CI, confidence interval; FPG, fasting plasma glucose; HbA1c, glycated haemoglobin; HOMA‐β, homeostatic model assessment of β‐cell function; HOMA‐IR, homeostatic model assessment of insulin resistance; s.d., standard deviation; s.e., standard error; LS, least squares.

Three‐way analysis of variance.

Analysis of covariance.

Figure 1

Changes in mean glycated haemoglobin (HbA1c) level from baseline. *According to three‐way analysis of variance (anova). **p < 0.0001 versus placebo according to three‐way anova. CI, confidence interval; LS, least squares.

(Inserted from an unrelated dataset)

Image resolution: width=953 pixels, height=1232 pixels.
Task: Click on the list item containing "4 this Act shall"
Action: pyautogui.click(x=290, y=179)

Teneligliptin decreased the FPG level from baseline to week 24, while the FPG level did not change in the placebo group. At week 24, the difference in change in FPG between the two groups was −1.21 mmol/l [95% confidence interval (CI) −1.72, −0.70; p < 0.0001 (Table 1)].

β‐cell function, as assessed by HOMA‐β, was improved in the teneligliptin group at week 24 but not in the placebo group. At week 24, the difference in HOMA‐β change between the groups was 12.23% [95% CI 5.78, 18.67; p = 0.0003 (Table 1)]. The teneligliptin group exhibited an improved HOMA‐β score compared with the placebo group at week 8 and throughout the randomized treatment period (Figure S3, File S1). No significant difference in HOMA‐IR was observed between the two treatment groups.

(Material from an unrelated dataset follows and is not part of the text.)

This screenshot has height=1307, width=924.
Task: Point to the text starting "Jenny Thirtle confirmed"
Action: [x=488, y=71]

During this study, 81 adverse events (AEs) occurred in 49 (34.5%) of the 142 randomized subjects. Among the 81 AEs, 43 occurred in 29 (29.59%) teneligliptin‐treated subjects, and 38 occurred in 20 (45.5%) placebo‐treated subjects. The incidences of AEs were not significantly different between the two groups at week 24 (p = 0.0660). Hypoglycaemia occurred in one case in the placebo group but in no cases in the teneligliptin group.

Discussion

The results of the present study showed that 24 weeks of teneligliptin as a monotherapy was well tolerated and significantly decreased the HbA1c level in Korean patients with T2DM. This is the first 24‐week, phase III, double‐blind, randomized, placebo‐controlled study on the efficacy and safety of teneligliptin.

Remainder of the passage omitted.